[Ekiga-devel-list] Pulse support and Networking (was Re: Reorganizing things)



I hesitate a little to speak here, as I'm not completely versed in the issues or the code, but here's a short statement of my experience with these two problems on Fedora 10 using the SVN head as of about a week ago. The head from this morning crashes when I try to make calls, so I can't say if the behavior has changed since then. See the rest of my comments inline, below. I would be happy to file bugs against these behaviors if that would be helpful, or work with someone familiar with the code to troubleshoot them further.

yannick wrote:
Peter Robinson a écrit :
Sorry, it is a bad timefor me as my work is starting again; I'll have
fewer spare time for 2 or 3 weeks...

(Except Peter: thanks for the nice words and help offer!)

Le lundi 31 août 2009 à 19:58 +0200, Damien Sandras a écrit :
Dear all,

It appears clearly that since a few months I can dedicate less time than
before to Ekiga. During the first 5 to 6 years of the project, I was
dedicating all evenings to the project and nearly all week-ends, fully.

It is now impossible for me to continue developing at that pace.
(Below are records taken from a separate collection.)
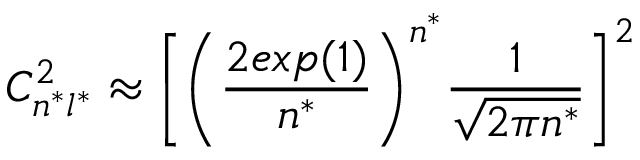<formula> <loc_0><loc_0><loc_500><loc_500>C _ { n ^ { * } l ^ { * } } ^ { 2 } \approx \left [ \left ( \frac { 2 e x p ( 1 ) } { n ^ { * } } \right ) ^ { n ^ { * } } \frac { 1 } { \sqrt { 2 \pi n ^ { * } } } \right ] ^ { 2 }</formula> 
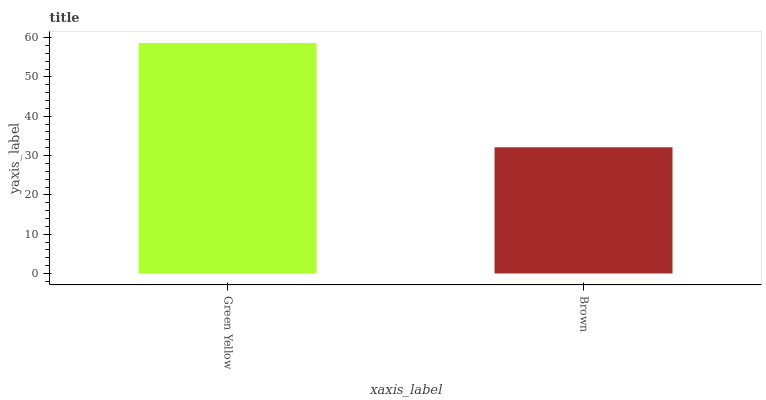Is Brown the maximum?
Answer yes or no. No. Is Green Yellow greater than Brown?
Answer yes or no. Yes. Is Brown less than Green Yellow?
Answer yes or no. Yes. Is Brown greater than Green Yellow?
Answer yes or no. No. Is Green Yellow less than Brown?
Answer yes or no. No. Is Green Yellow the high median?
Answer yes or no. Yes. Is Brown the low median?
Answer yes or no. Yes. Is Brown the high median?
Answer yes or no. No. Is Green Yellow the low median?
Answer yes or no. No. 
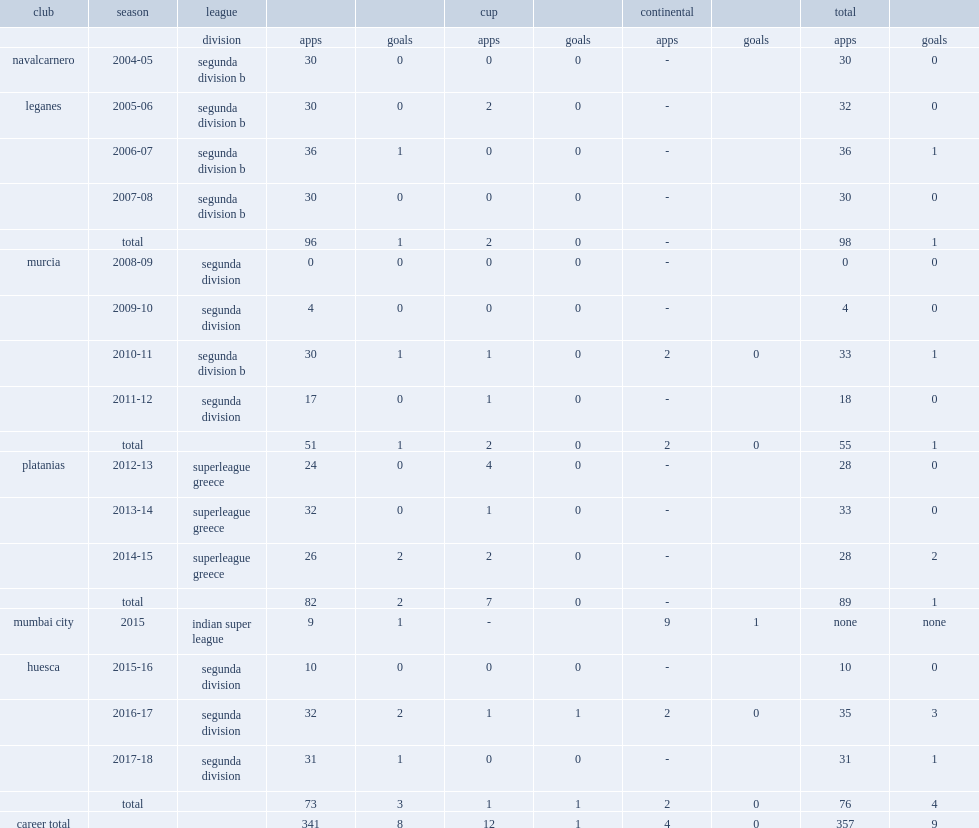Which league did juan aguilera sign for club mumbai city in 2015? Indian super league.

If we
organize things in a clever way, I think it will not be a problem. My
intensive work probably hide a few organization problems.
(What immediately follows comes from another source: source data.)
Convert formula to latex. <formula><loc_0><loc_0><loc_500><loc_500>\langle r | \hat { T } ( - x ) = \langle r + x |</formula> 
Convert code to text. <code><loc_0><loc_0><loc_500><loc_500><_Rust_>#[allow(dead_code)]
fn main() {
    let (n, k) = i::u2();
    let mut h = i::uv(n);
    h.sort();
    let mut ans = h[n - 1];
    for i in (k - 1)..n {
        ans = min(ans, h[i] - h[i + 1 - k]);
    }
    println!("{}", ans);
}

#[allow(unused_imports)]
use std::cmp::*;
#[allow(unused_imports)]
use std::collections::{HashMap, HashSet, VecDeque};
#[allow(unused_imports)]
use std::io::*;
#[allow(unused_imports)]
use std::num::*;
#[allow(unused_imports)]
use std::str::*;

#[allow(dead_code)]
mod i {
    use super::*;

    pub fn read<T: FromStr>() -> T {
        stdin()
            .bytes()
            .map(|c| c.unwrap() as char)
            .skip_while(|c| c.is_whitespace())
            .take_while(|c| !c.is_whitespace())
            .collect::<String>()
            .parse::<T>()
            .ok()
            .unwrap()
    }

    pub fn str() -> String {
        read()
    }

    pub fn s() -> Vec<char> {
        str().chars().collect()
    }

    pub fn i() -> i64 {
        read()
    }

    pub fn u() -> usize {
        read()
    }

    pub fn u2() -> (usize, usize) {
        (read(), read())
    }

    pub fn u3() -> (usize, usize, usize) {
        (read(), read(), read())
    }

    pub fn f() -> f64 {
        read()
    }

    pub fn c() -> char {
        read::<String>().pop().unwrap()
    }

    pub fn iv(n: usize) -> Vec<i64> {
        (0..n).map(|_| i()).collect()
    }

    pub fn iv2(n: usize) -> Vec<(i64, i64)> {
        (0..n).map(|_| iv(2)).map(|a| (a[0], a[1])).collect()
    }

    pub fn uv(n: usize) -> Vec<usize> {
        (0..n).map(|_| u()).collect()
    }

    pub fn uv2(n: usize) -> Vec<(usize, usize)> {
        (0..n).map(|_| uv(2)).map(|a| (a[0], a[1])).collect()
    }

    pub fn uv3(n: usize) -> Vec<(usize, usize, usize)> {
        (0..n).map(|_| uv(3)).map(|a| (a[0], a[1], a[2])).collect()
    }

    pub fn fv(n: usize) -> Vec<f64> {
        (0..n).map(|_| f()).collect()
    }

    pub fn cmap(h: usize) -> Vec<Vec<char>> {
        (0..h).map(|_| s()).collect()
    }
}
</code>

We now have a few very high quality contributors: they help the project
move forward will less "devotion" from myself.

The purpose of this e-mail is to identify the areas where people can
help and how we should work. But before identifying those areas, I would
stress on the fact that my wish is to release often, but with only a
limited set of new features, that are well-tested. We have seen in the
past that we had worked on many new features, half-finished, and that it
was hard to stabilize them before doing a release. I don't want this to
happen.
I like this idea too, 3.0 was a pain to release. Beside, network (TCP
support) and the audio part of Ekiga (e.g. pulse audio) needs some new
features quickly.
>From a Fedora point of view the two "bugs" I see on a regular basis
are "Audio Problems" (will be fixed mostly by a Pulse Audio plugin set
as the default) and Network issues which are mostly Firewall and NAT
based. I think support for upnp would possibly fix most of those
issues for the average user. The would be the most useful features
from my point of view and the later would probably also help the issue
with ekiga.net "not working" mentioned elsewhere.


I see pulse audio as a good thing for the Linux audio stack; it provide
a unified test case of the major features and my hope is to see it
improve the situation at the end. (and IMHO it really needs improvements...)
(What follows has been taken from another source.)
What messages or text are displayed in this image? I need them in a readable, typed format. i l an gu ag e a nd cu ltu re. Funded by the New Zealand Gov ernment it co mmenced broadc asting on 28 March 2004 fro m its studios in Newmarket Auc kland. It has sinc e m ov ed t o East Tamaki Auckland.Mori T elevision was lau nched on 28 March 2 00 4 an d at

Pulse support in the SVN head as of a week or so ago is only partially functional. When I place a call, I hear ekiga generate the ring sound until the other end picks up the call. The other end hears only digital artifacts (soft blip-blip-blip noises) until I open the pulse audio volume control application, at which point the other end hears correct audio. Closing the volume control application reverts to digital artifacts. Reopening it causes audio to work again. I never hear audio from the called party. These behaviors are 100% reproducible.

The network issue is also a complex matter. I agree upnp will improve
the situation too. Still it will not be enough for some people. The
software we compete with here (skype) is full of workarounds for
hardware/network config *hostile* to VoIP. As people with software which
do not work are always louder than people where it just work, the
situation will still harm ekiga reputation. Beside, the security topic
here is quite important and very complex, and this is something skype
deals with obscurity. Quite frankly, I doubt if the skype protocol was
open, it will be considered as secure... I've started to work on the
topic, i.e. how to deal with hardware/setup hostile to VoIP. I've hope
to publish a white paper in the coming months (I was full of hope to
publish this for the end of august, but I was then busy with user
support, bug triaging, packages, etc.). I do not see a good fix for that
in the short term. Any help is welcome.

On Fedora 10, I have a machine with several interfaces including a VPN interface. I am only intermittently able to register and make calls through my SIP server. Checking the box in preferences at:

Edit->Preferences->General->General Settings->Network Settings->Enable network detection

seems to have a positive effect, in other words, ekiga seems more likely to register and place calls when that box is checked, but it's not 100% effective.

If I create a virtual machine on this physical machine, ekiga registers and makes calls 100% of the time. Both machines are running F10, fully updated. The significant difference is that the VM has only one interface, plus loopback, whereas the physical host has 5 interfaces plus loopback.

Twinkle registers and places calls reliably from this machine. I don't know the twinkle code, either, but since it is FOSS, perhaps it would be useful to look at its code to see how it operates in the multi-interface case.